AH: I just wanted to get warm. I was really concerned for my health. I've never been in a place like that. Psychologically, no one can explain how tough it was – 25km of descending in freezing snow and sleet. It was the hardest thing I've ever done. Everyone who crossed the finish line that day had to dig incredibly deep to get there. When I talk to the other riders today, it's never, "So and so did this," or, "Yeah, Breukink won." It's, "Wow, you were on the Gavia in '88."
Procycling: After the Gavia stage there was still plenty of racing left. How did you protect your lead?
AH: The next day was a shortened stage because we were supposed to ride over the Stelvio, but that was closed because of the snow. But it was still a mountain-top finish where I managed to get time on Breukink who, at that point, was the only guy still close to me. There was also an uphill time trial, which I won, taking more time out of Breukink. And another mountain stage, where I let Zimmerman go in a break. I had a few team-mates with me and Breukink was with me too, but he wouldn't work, so I had to let Zimmerman go and he got about eight minutes up the road at one point. But there were four hours of racing left and we eventually took about 4-30 back.
Procycling: You ended up beating Breukink by 1'43", with Zimmerman in third. What kind of reaction did you get from the Italian cycling fans?
AH: I think they were pretty into it. It was kind of a down period for their riders so I wasn't going head to head with any of their big stars. And I really made an effort to speak Italian in the interviews, which I think really helped. But mostly, the thing with the Italians is that they love people who love to race bikes, and I certainly fit that bill.
La Dolce Vita
His Giro days are over, but Andy Hampsten is far from finished with Italy.

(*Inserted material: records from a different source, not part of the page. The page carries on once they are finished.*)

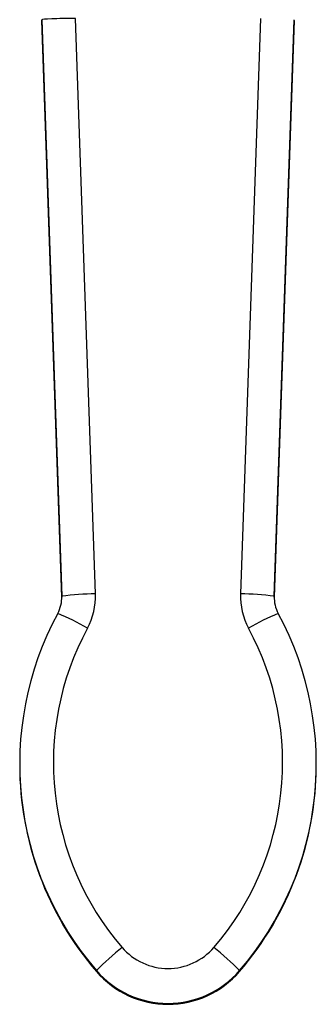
# Model space of a CAD drawing. Header units: inches. Extents: x 0.5 to 21.5, y 0.5 to 16.5.
# Tile 5 of 13: x 5.578 to 6.444, y 9.416 to 12.291. Entities that reach past the tile are written whole.
import ezdxf

# ---------------------------------------------------------------- set-up
doc = ezdxf.new("R2010")
doc.units = ezdxf.units.IN
doc.header["$LTSCALE"] = 2
doc.header["$MEASUREMENT"] = 0

msp = doc.modelspace()

# ---------------------------------------------------------------- linework, layer by layer
for p, q in [((5.6427, 12.2915), (5.7008, 10.608)), ((5.6427, 12.2887), (5.6427, 12.2915)), ((5.7008, 10.6053), (5.6427, 12.2887)), ((5.7992, 10.6148), (5.7411, 12.2949)), ((6.2807, 12.2949), (6.2227, 10.6148)), ((6.3211, 10.608), (6.3792, 12.2915)), ((6.3792, 12.2887), (6.3211, 10.6053)), ((6.3792, 12.2887), (6.3792, 12.2915)), ((5.7008, 10.608), (5.7008, 10.6053)), ((5.7009, 10.6019), (5.7008, 10.6053)), ((6.3211, 10.6053), (6.321, 10.6019)), ((6.3211, 10.6053), (6.3211, 10.608)), ((5.5779, 10.1184), (5.5779, 10.1157)), ((6.444, 10.1157), (6.444, 10.1184)), ((5.8022, 9.5121), (5.8022, 9.5149)), ((6.2197, 9.5121), (6.2197, 9.5149))]:
    msp.add_line(p, q)
for centre, radius, start, end in [((5.7991, 9.9032), 0.7116, 89.9984, 97.9439), ((5.6027, 10.6081), 0.1966, 331.6072, 1.9775), ((6.4192, 10.6081), 0.1966, 178.0225, 208.3928), ((6.2227, 9.9032), 0.7116, 82.0561, 90.0016), ((5.6025, 10.6046), 0.0983, 331.6072, 1.9775), ((6.4193, 10.6046), 0.0983, 178.0225, 208.3928), ((6.5021, 10.1184), 0.9242, 151.6082, 220.7714), ((5.395, 9.8619), 0.7556, 59.7527, 67.1004), ((5.5198, 10.1184), 0.9242, 319.2285, 28.3919), ((6.6268, 9.8619), 0.7556, 112.8996, 120.2473), ((6.5022, 10.1218), 0.8259, 151.6081, 220.7716), ((5.5197, 10.1218), 0.8259, 319.2284, 28.3919), ((6.5021, 10.1157), 0.9243, 180.0018, 220.77), ((5.5197, 10.1157), 0.9243, 319.2305, 359.9977), ((6.5186, 8.8), 1.0121, 129.3624, 135.0643), ((6.0109, 9.6983), 0.1772, 220.7732, 319.2268), ((5.5033, 8.8), 1.0121, 44.9357, 50.6376), ((6.0109, 9.6949), 0.2757, 220.7736, 319.2264), ((6.0109, 9.6922), 0.2757, 220.7736, 319.2264)]:
    msp.add_arc(centre, radius, start, end)
msp.add_ellipse((5.7411, 12.2915), major_axis=(0.0985, 0), ratio=0.034879, start_param=1.570796, end_param=3.141593)

doc.saveas('drawing.dxf')
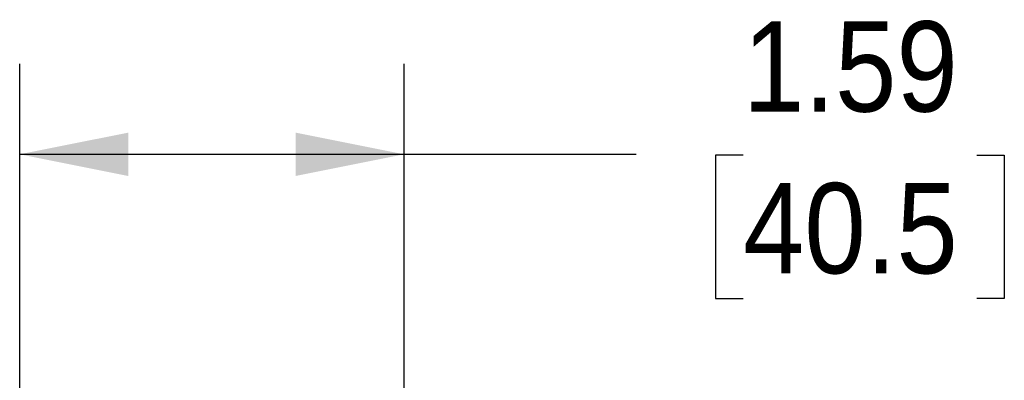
# Model space of a CAD drawing. Header units: inches. Extents: x 0 to 33, y 0 to 25.5.
# Tile 11 of 16: x 18.7 to 22.8, y 16.5 to 18. Entities that reach past the tile are written whole.
import ezdxf

# ---------------------------------------------------------------- set-up
doc = ezdxf.new("R2010")
doc.units = ezdxf.units.IN
doc.header["$LTSCALE"] = 3
doc.header["$MEASUREMENT"] = 0
doc.linetypes.add('SLD-Solid', pattern=[0])
doc.layers.add('DIMENSIONS', color=140, linetype='SLD-Solid', lineweight=25)
doc.styles.add('SLDTEXTSTYLE0', font='GOTHIC.TTF', dxfattribs={"width": 0.913})
doc.dimstyles.new('SLDDIMSTYLE4', dxfattribs={"dimtxt": 0.375, "dimasz": 0.45, "dimexe": 0, "dimexo": 0.0625, "dimgap": 0.09375, "dimtad": 0, "dimtih": 1, "dimtoh": 1, "dimrnd": 1e-09, "dimzin": 12, "dimdsep": 46, "dimtxsty": 'SLDTEXTSTYLE0', "dimsah": 1, "dimcen": 0.09, "dimadec": 0, "dimazin": 3, "dimtfac": 1, "dimtofl": 0, "dimtmove": 0, "dimatfit": 3, "dimfxl": 0, "dimfrac": 2, "dimtolj": 1, "dimtzin": 12, "dimarcsym": 0})

# ---------------------------------------------------------------- blocks, each defined once
blk = doc.blocks.new('_D_9')
at = {"layer": 'DIMENSIONS'}
for p, q in [((18.7279, 14.4137), (18.7279, 17.7887)), ((20.3223, 13.2488), (20.3223, 17.7887)), ((18.7279, 17.4137), (20.3223, 17.4137)), ((20.3223, 17.4137), (21.2857, 17.4137)), ((21.7288, 17.4108), (21.6145, 17.4108)), ((21.6145, 17.4108), (21.6145, 16.8155)), ((22.6986, 17.4108), (22.8128, 17.4108)), ((22.8128, 17.4108), (22.8128, 16.8155)), ((21.6145, 16.8155), (21.7288, 16.8155)), ((22.8128, 16.8155), (22.6986, 16.8155))]:
    blk.add_line(p, q, dxfattribs=at)
for points in [[(18.7279, 17.4137), (19.1779, 17.3237), (19.1779, 17.5037)], [(20.3223, 17.4137), (19.8723, 17.5037), (19.8723, 17.3237)]]:
    blk.add_solid(points, dxfattribs=at)
at = {"layer": 'DIMENSIONS', "char_height": 0.375, "attachment_point": 1, "style": 'SLDTEXTSTYLE0'}
for s, insert in [('1.59', (21.7288, 17.966)), ('40.5', (21.7288, 17.2945))]:
    blk.add_mtext(s, dxfattribs=dict(at, insert=insert))

msp = doc.modelspace()

# ---------------------------------------------------------------- dimensions: what is measured, and where the dimension line sits
at = {"layer": 'DIMENSIONS'}
dim = msp.add_linear_dim(base=(20.3223, 17.4137), p1=(18.7279, 14.2637), p2=(20.3223, 13.0988), dimstyle='SLDDIMSTYLE4', dxfattribs=at)
dim.commit()
dim.dimension.update_dxf_attribs({"geometry": '_D_9', "text_midpoint": (22.2137, 17.4137), "dimtype": 160})

doc.saveas('drawing.dxf')

"It's the nicest place I've ever ridden a bike," Andy Hampsten says of his second home, Italy. "It's not that people recognise me, it's just that they respect cyclists. If I pull into a café, soaking wet after hours on the bike, the old guys in the corner are like, ‘Where did you come from? Why did you take the hilly road?' As a country, they're really into bikes."
For that reason, Hampsten has split most of the last two decades between his winter home in Boulder, Colorado, and a farmhouse in the Tuscan countryside. Tuscany is also base of operations for Cinghiale Cycling Tours, Hampsten's bike touring company. Each year he runs five week-long trips – usually two in the spring and three in the autumn. Besides regaling clients with tales from his racing days, Hampsten says his main role is showing people the Italian way of life.
"I teach people about the four-course lunch," he explains. "So many of my clients are used to grabbing a sandwich on the go, but when you're in Italy, you don't do that. It's great watching the Type A personalities. It's usually about the second or third day when they say, ‘Wow, I get it. I will have wine with my lunch.' Watching people slow down and enjoy each other is really fun.
"Eating and socialising is so important in Italy. Italians love to go home for a three-hour lunch. I mean, they work an eight-hour day, but they're just working to make enough money to have a house and feed the family. They'd much rather hang out with each other and have fun instead of burying themselves for 20 years and retiring early."
Hampsten has run tours all over Italy, but his favourite riding is in Tuscany, which he says has the perfect combination of weather, roads and scenery. "It has less rain in the winter, it's got no real traffic, and Pisa airport is just an hour away," he says.
"It doesn't have any huge climbs like the Dolomites or the Alps, but there are lots of intermediate hills. It's the middle-of-nowhere boonies next to an amazing coastline. I could never be bored riding a bike there. The roads are so twisty and turny that they seem designed for bikes. It's not a hard job leading bike tours in Italy."